Given 5 integers: a, b, c, d, k, you're to find x in a...b, y in c...d that GCD(x, y) = k. GCD(x, y) means the greatest common divisor of x and y. Since the number of choices may be very large, you're only required to output the total number of different number pairs.
Please notice that, (x=5, y=7) and (x=7, y=5) are considered to be the same.
Yoiu can assume that a = c = 1 in all test cases.
Input
The input consists of several test cases. The first line of the input is the number of the cases. There are no more than 3,000 cases.

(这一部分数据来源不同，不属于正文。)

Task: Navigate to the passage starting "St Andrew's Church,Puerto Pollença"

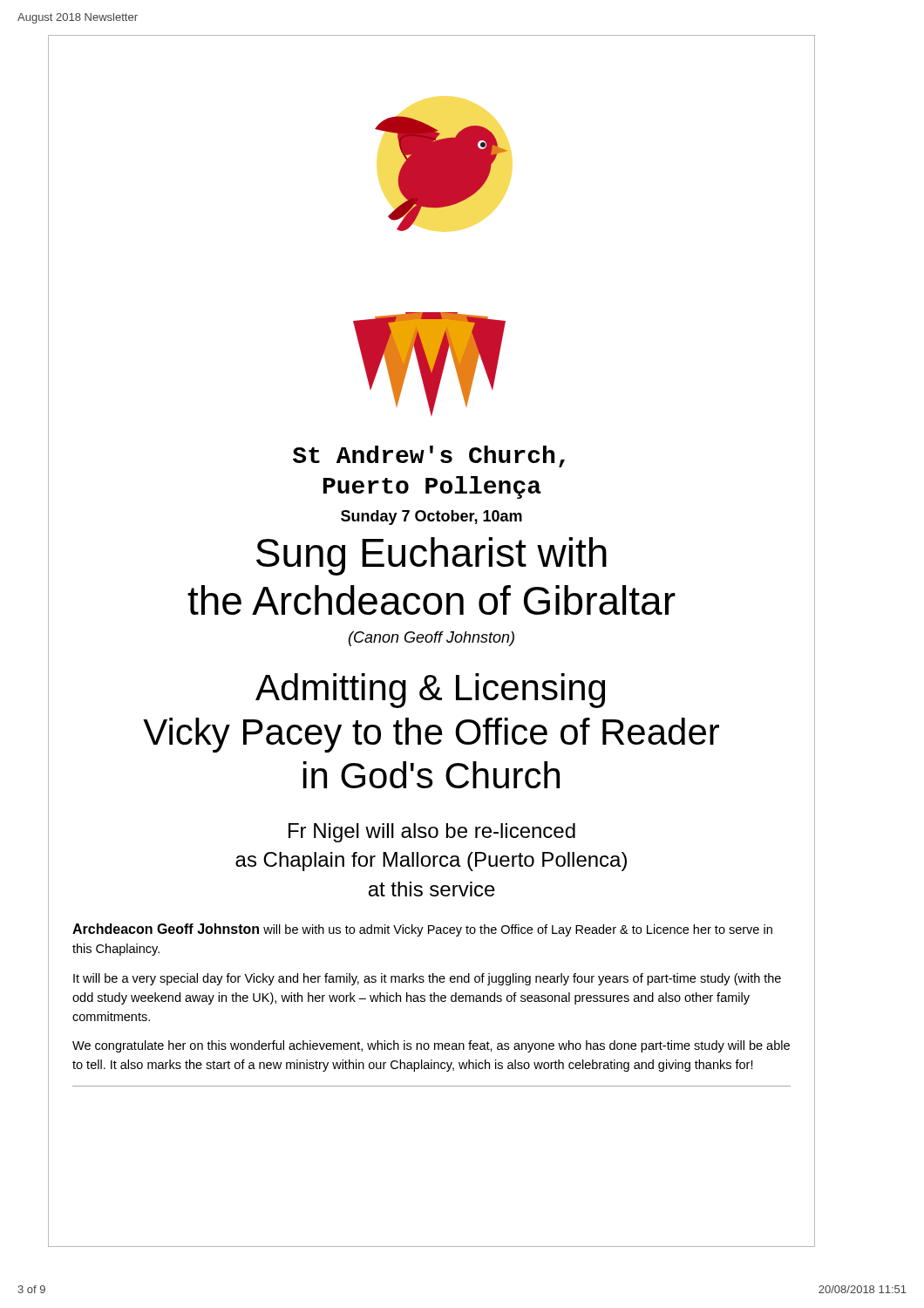Action: pyautogui.click(x=432, y=472)
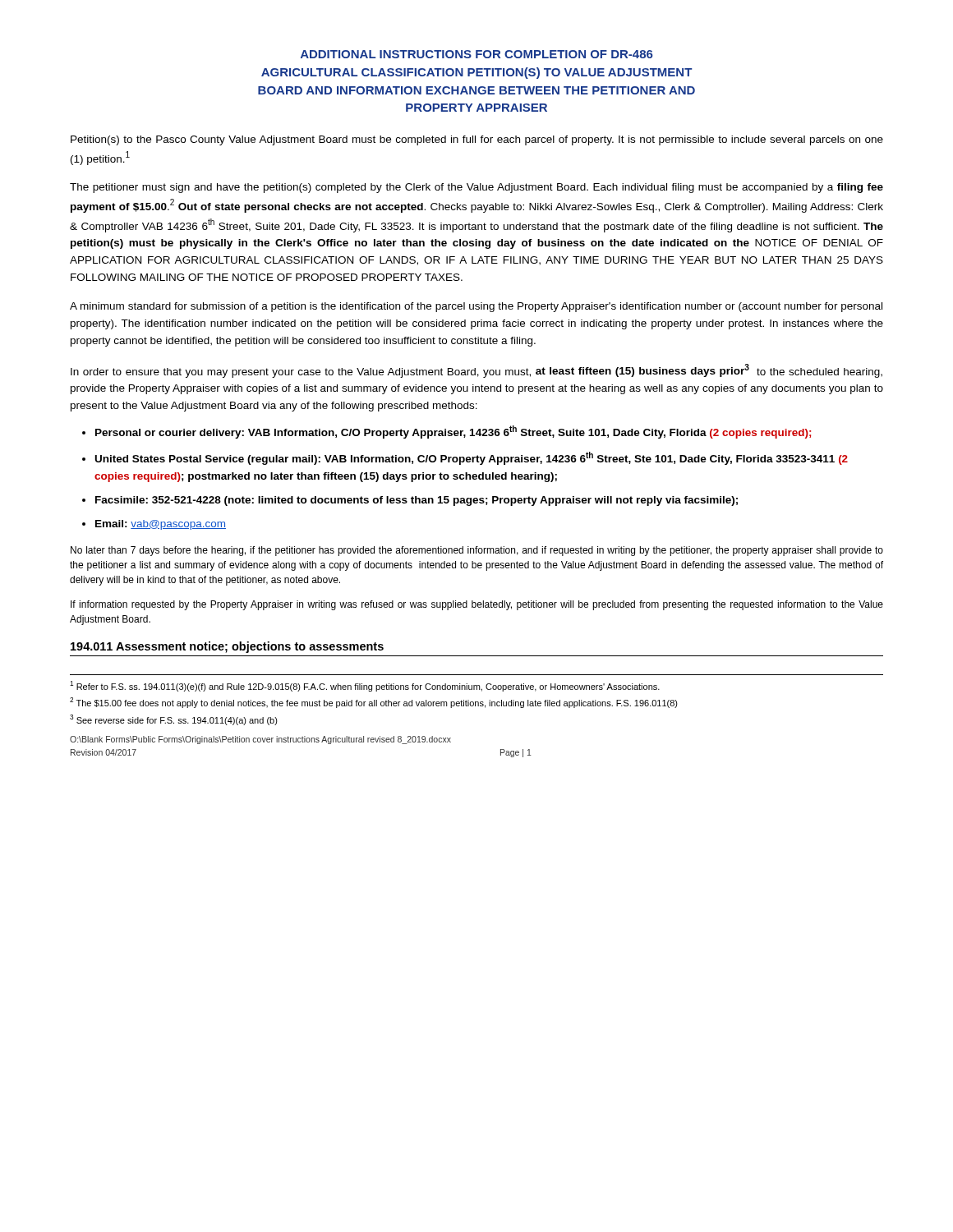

Each case contains five integers: a, b, c, d, k, 0 < a <= b <= 100,000, 0 < c <= d <= 100,000, 0 <= k <= 100,000, as described above.
Output
For each test case, print the number of choices. Use the format in the example.
Sample Input
2 1 3 1 5 1 1 11014 1 14409 9
Sample Output
Case 1: 9
Case 2: 736427
Hint
For the first sample input, all the 9 pairs of numbers are (1, 1), (1, 2), (1, 3), (1, 4), (1, 5), (2, 3), (2, 5), (3, 4), (3, 5).
Solution:
我们要求(x, y)的数目,且(x, y)满足x在[a, b], y在[c, d], 并且gcd(x, y) == k。题目保证a == c == 1,我们就可以转化为求[1, b / k]与[1, d / k]中互素的(x, y)的数目。我们为了保证不重复([7, 5]和[5, 7]算一种情况),就使y恒大于x。
大致分为两种情况:
我们假设b < d(即使不是这样,交换他们的值一下就是了), b = b / k; d = d / k;
y <= b的时候:很显然,直接求欧拉函数的和就好了。
y > b && y <= d 的时候:我们需要求[1, b]中与y互素的数的个数,直接求不太好求,我们先找不与y互素的数,然后用b减去就好了,至于如何求不与y互质的数目,则用到了容斥原理,我们将y的质因子都求出来了,只需要找到能被y的质因子整除的数的数目(在1~d的范围中)就能得到结果了。
#include <iostream>
#include <cstdio>
#include <cstring>
#include <vector>
#define div aaa //在这里宏定义是有用的,以div作为数组名会编译错误,懒得一一改正了,所以就宏定义一发。
using namespace std;
typedef long long ll;
const int maxn = 1e5 + 1;
vector < int > div[maxn + 10];
int eu[maxn + 10];
void Init(int n) //求1~n的数的所有质因子
{
for(int i = 1; i <= n; ++ i) div[i].clear();
for(int i = 1; i <= n; ++ i)
{
int m = i;
for(int j = 2; j * j <= i; ++ j)
{
if(m % j == 0){
div[i].push_back(j);
while(m % j == 0)
m /= j;
}
}
if(m > 1)
div[i].push_back(m);
}
}
void Eular() //筛法求欧拉函数
{
memset(eu, 0, sizeof(eu));
eu[1] = 1;
for(int i = 2; i <= maxn; ++ i)
{
if(!eu[i])
{
for(int j = i; j <= maxn; j += i)
{
if(!eu[j]) eu[j] = j;
eu[j] = eu[j] / i * (i - 1);
}
}
}
}
int calc(int n, int m)
{
int ans = 0;
int top = div[m].size();
for(int i = 1; i < (1 << top); ++ i) //二进制枚举因子出现的情况
{
int cnt = 0, temp = 1;
for(int j = 0; j < top; ++ j)
{
if((1 << j) & i)
{
cnt++;
temp *= div[m][j];
}
}
if(cnt & 1) ans += n / temp; //奇数加
else ans -= n / temp; //偶数减
}
return n - ans;
}
int main()
{
int t, a, b, c, d, k;
int Case = 0;
cin >> t;
Eular();
while(t --)
{
cin >> a >> b >> c >> d >> k;
printf("Case %d: ", ++Case);
if(k == 0 || k > b || k > d)
{
printf("0\n");
continue;
}
if(b > d)
swap(b, d);
b = b / k;
d = d / k;
ll ans = 0;
Init(d + 2);
for(int i = 1; i <= b; ++ i)
ans += eu[i];
for(int i = b + 1; i <= d; ++ i)
ans += calc(b, i);
printf("%lld\n", ans);
}
return 0;
}